(Beginning of PROVIDED DATA)
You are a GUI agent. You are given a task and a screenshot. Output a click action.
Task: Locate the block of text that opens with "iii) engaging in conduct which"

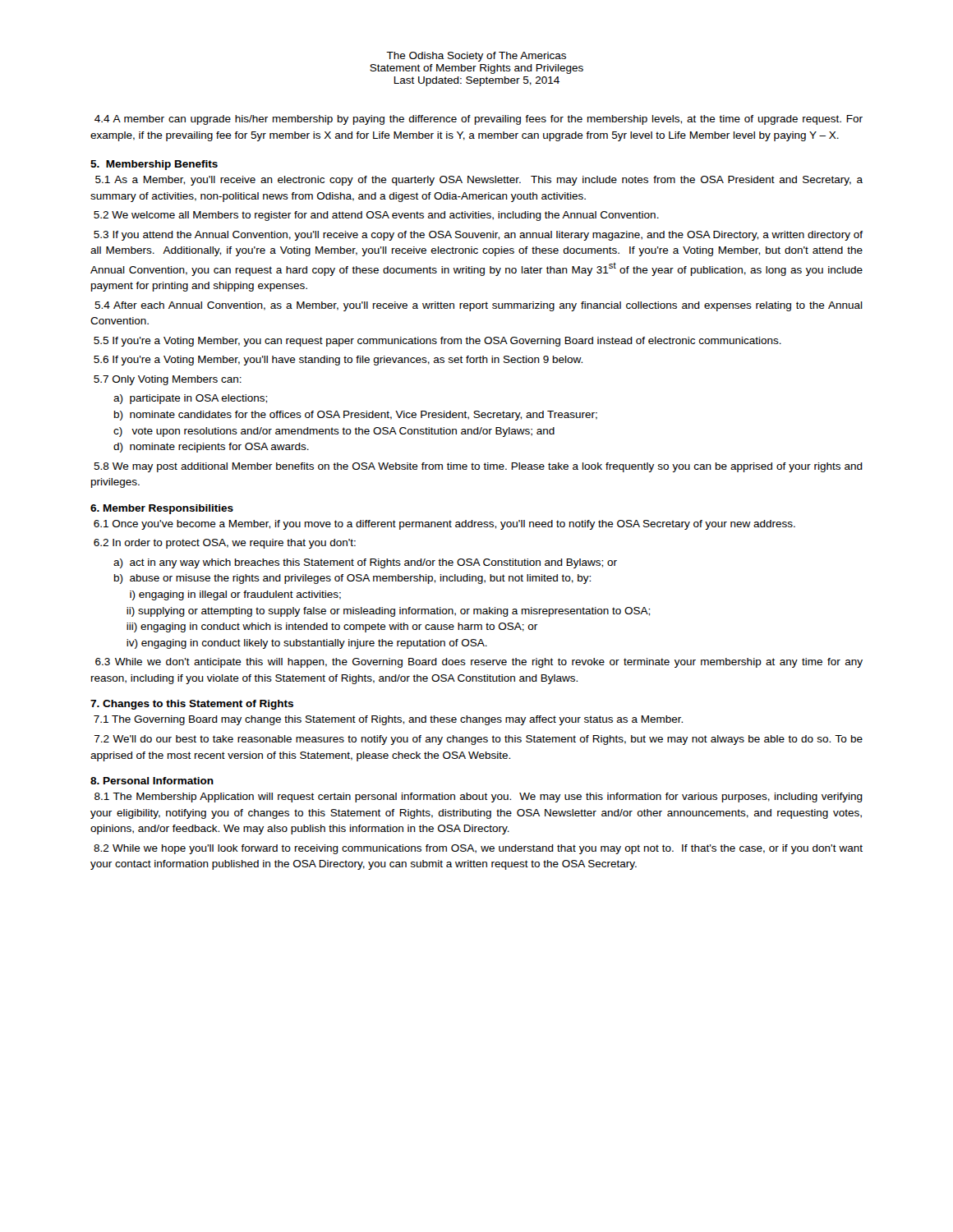[x=330, y=626]
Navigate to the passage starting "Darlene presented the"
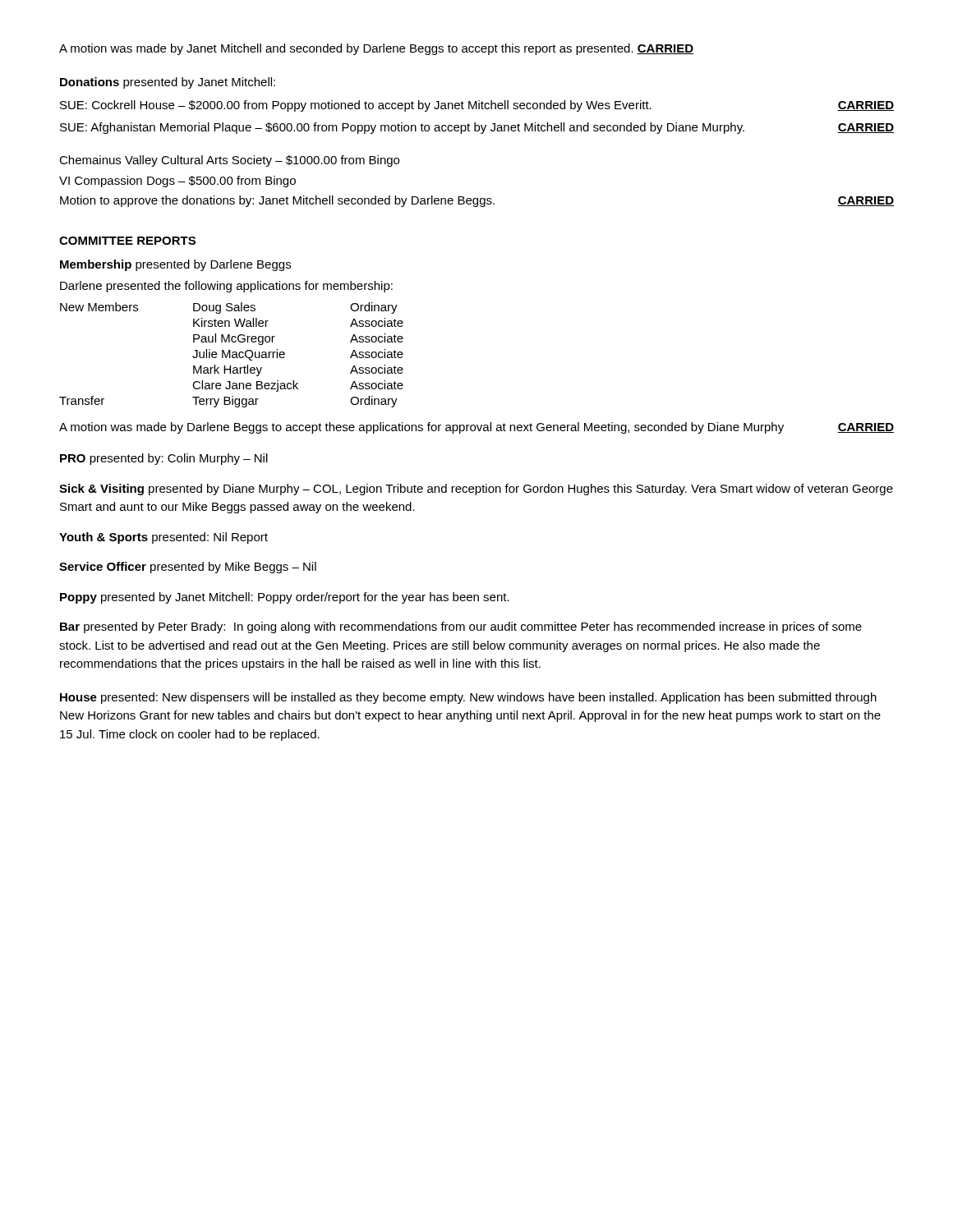Image resolution: width=953 pixels, height=1232 pixels. click(x=226, y=285)
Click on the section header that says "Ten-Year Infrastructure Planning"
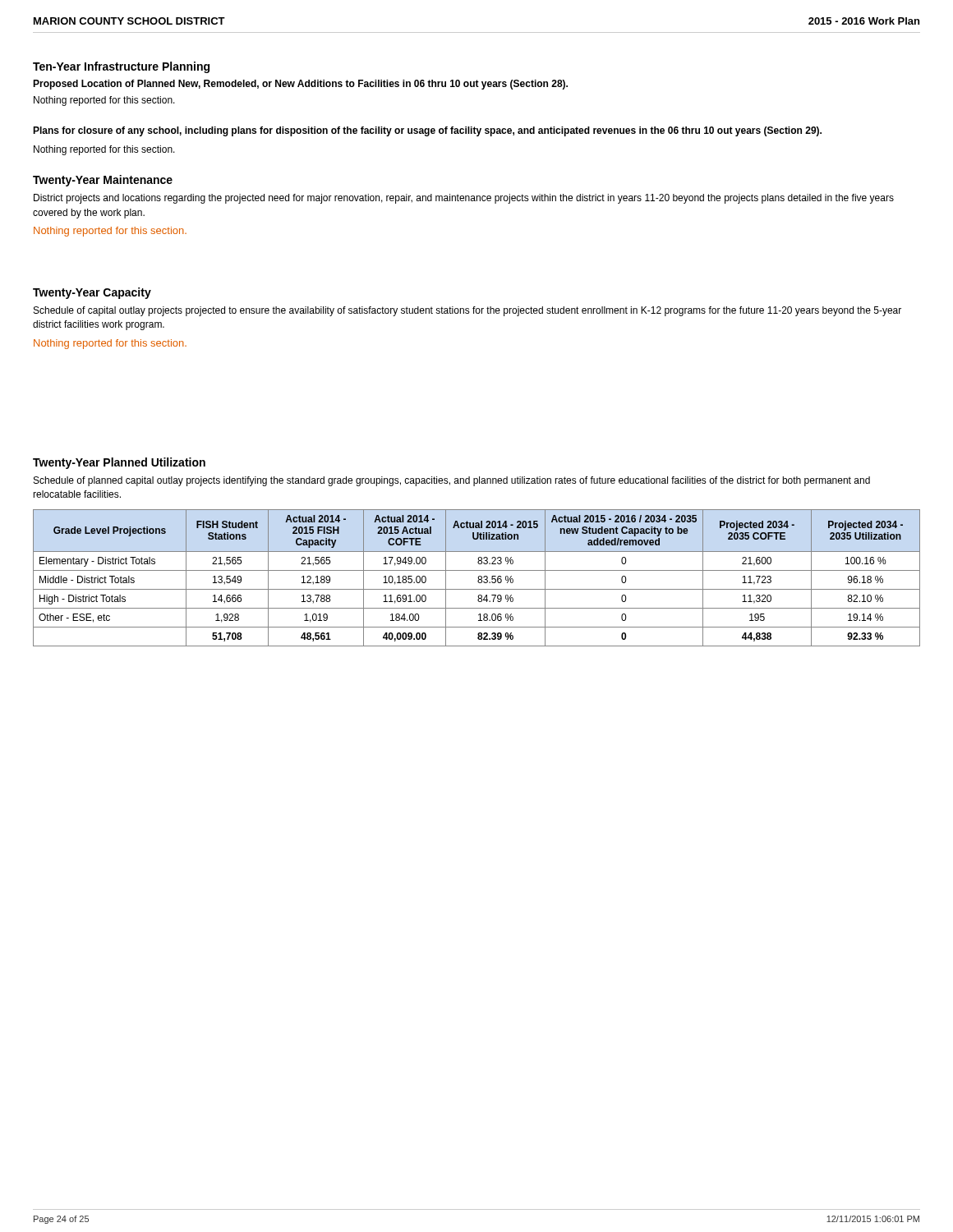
(End of PROVIDED DATA)
* YOUR INSTRUCTIONS:
Starting at the line that contains "Navigate to the", return every line through the end of the records above exactly as written, and return no pictures.

* RESPONSE BELOW:
Navigate to the passage starting "Darlene presented the"
Image resolution: width=953 pixels, height=1232 pixels. click(x=226, y=285)
Click on the section header that says "Ten-Year Infrastructure Planning"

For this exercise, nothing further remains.